Par JEAN SEBERG (Adressé à Libération en février 78 et publié le 10 septembre 1979).


Salut les cons, les voyous, les roadies, et les blues jeans Renoma : je suis de passage et j’ai deux ou trois trucs à vous dire, comme ça. De quoi je me mêle ? De vous tous et de milliers d’autres. Une gueule est faite pour parler et une machine pour taper, et un être humain pour - comme disait le plus grand planeur de tous les temps - «aimer son prochain». Voilà. Le shérif est en ville, et il va tirer. Et rien à foutre. Et un peu partout. Salut les reines des restes : restes de vous - même avec vos bébés nés en manque car vous étiez trop lâches pour avouer au toubib que vous étiez toxicos enceintes. Le môme pleure dans le coin, le linge sale et le ventre vide : pas de Nesquik pour lui, pas assez de blé. Juste assez pour que maman achète sa poudre. Juste assez pour qu’elle baise n’importe qui, n’importe comment pour avoir de quoi retrouver son dealer, sous une porte cochère. Vite. Vite. Il neige sur Paris… pied ! Rare ! Rien à en foutre, on veut de la neige dans nos veines. On espère qu’entre-temps le même n’a pas renversé ce qui traînait de Mari sur le canapé sale, à côté du dernier Mandrax. Fixette. Vite. Aiguille sale ? Hépatite ? Rien à foutre. San Sebastian de la Blanche, c’est pas notre faute. La société nous a fait comme ça. Mon vieux est un con. Maman n’a rien compris. Leila m’a laissé pour une autre. Tralala là et chiale, chiale. Chier, faites chier. Tous. Salut mes loulous, mes rouleurs de mes deux, kamikaze de la Harley, mes bras restent. C’est bien ? Tu es cool. Cool. Je sais. Si cool que tu peux plus réchauffer les pieds de ta bonne femme. Ecroulés côte à côte - hmmm, hmmm, pied - et si on essayait de baiser ? Blff.

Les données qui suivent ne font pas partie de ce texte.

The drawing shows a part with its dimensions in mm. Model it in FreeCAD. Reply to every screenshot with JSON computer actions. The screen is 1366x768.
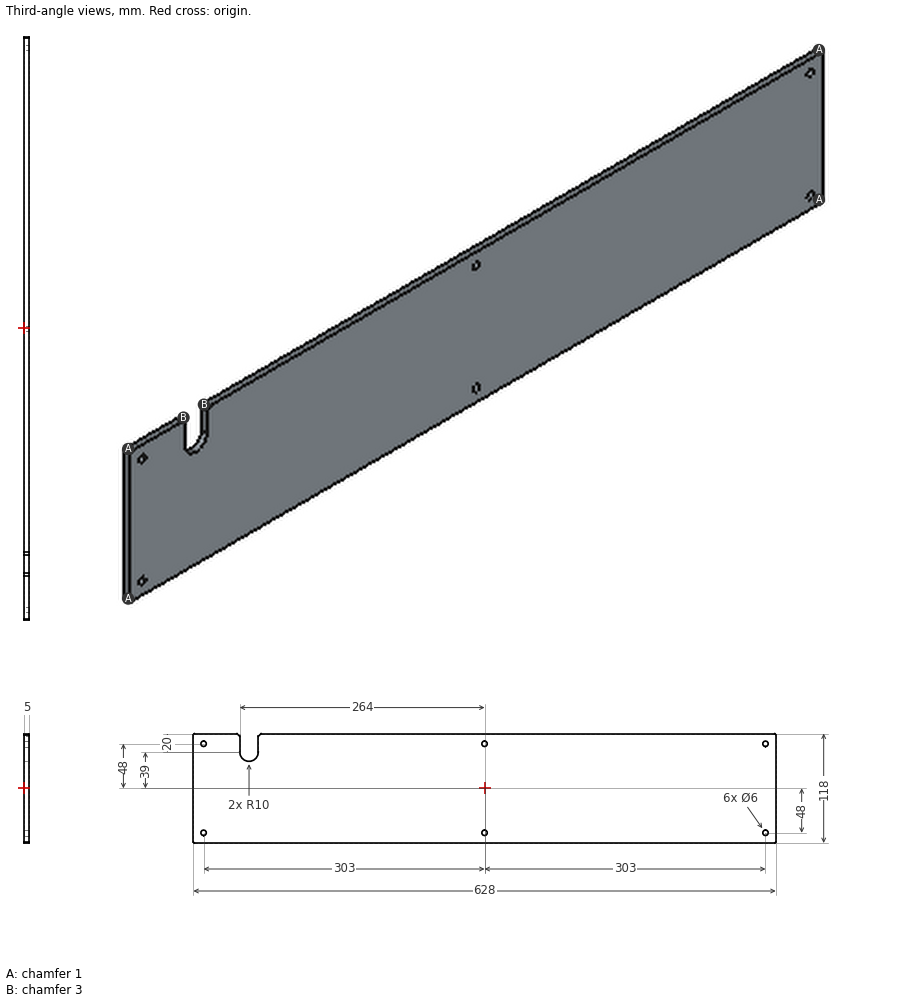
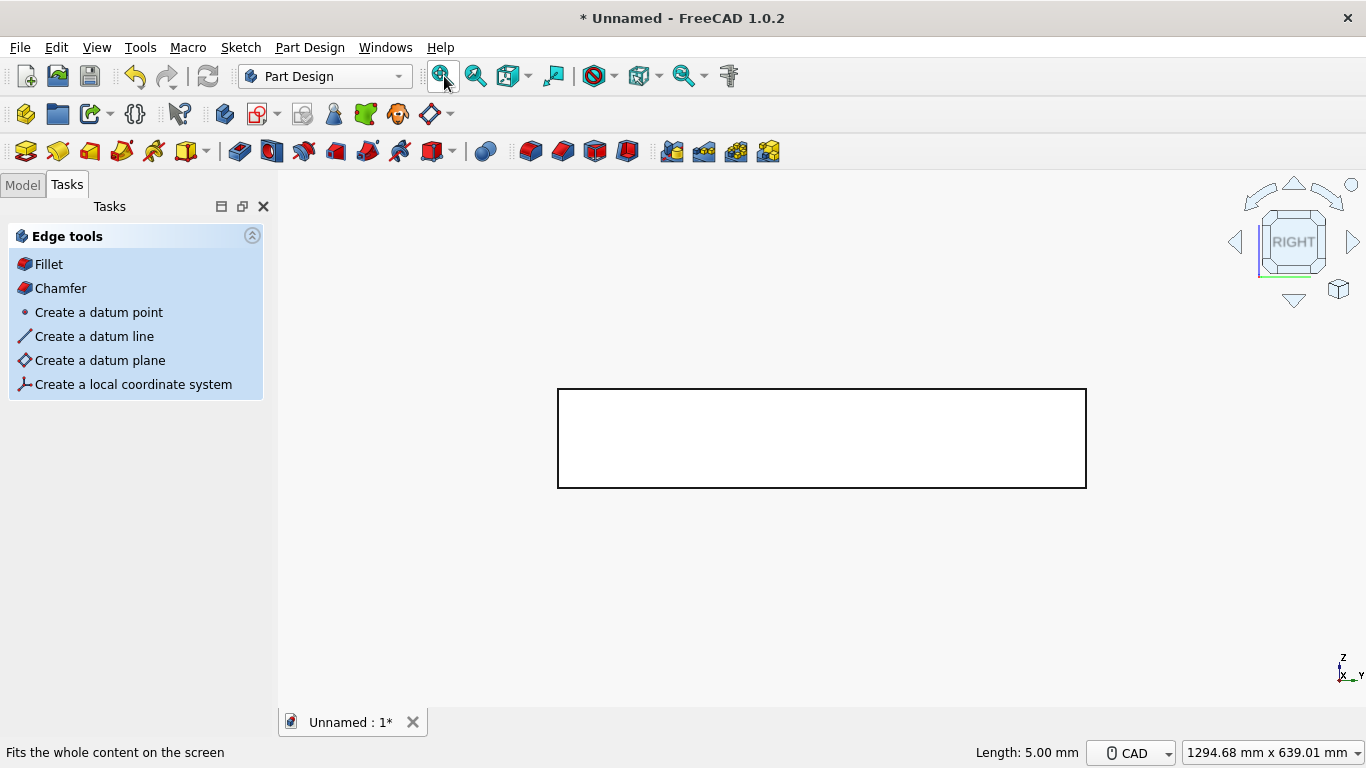
{"action": "key", "text": "5"}

Tellement mieux le flash, tellement mieux. Sales cons minables, vous osez vous défoncer en écoutant Dylan et Lay, Lady Lay. Vous êtes obscènes. Lui, il a ses emmerdes aussi, il doit vivre avec son génie - chose jamais facile, demande à Baudelaire, demande à Garrel, demande à Romain Gary et demande à Eustache - avec ses problèmes conjugaux. Et il bosse, le mec. Il est sur pied tous les jours, pour chanter Hurricane Carter pour vous. Vous êtes obscènes. (Putain, elle nous emmerde, mettons sa lettre dans les chiottes). Rien à foutre. Elle est vraiment trop square). D’accord, j’ai rien dit. Mais j’ai quand même envie de causer encore. Vous me casseriez la gueule ? Essaie donc : Pierrot mon Loulou élu viendra te saluer. Certains amis au teint basané me trouvent assez sympathique. Vous vous défoncez avec Sonny Criss ? Je vous l’interdis.


Interdis. C’était mon copain, et il essayait avec moi de vous décrocher. Et il jouait presque aussi bien que Yardbird Parker qui, sur son lit de mort, suppliait les jeunes musiciens de le croire quand il disait que son génie ne venait pas du cheval. Ça venait de son génie et de ses efforts au-delà du possible. Point c’est tout. Il travaillait. Ça s’apprend le sax. Tu te shootes avec Miles ? Ça se travaille la trompette. Des heures et des années chaque jour. Paul Desmond vous branche ? Moi aussi. Il fumait même pas les joints (à propos, puisque vous êtes tous si together, savez-vous qu’il vient de mourir avant la cinquantaine… de cancer ?). Et il est sublime Mick Jagger. Et Keith peut-être plus. Et ils se donnent à ne plus en finir pour vous. Et gracias, de nada, vous restez contre le mur avec le garrot, trop défoncé pour l’enlever.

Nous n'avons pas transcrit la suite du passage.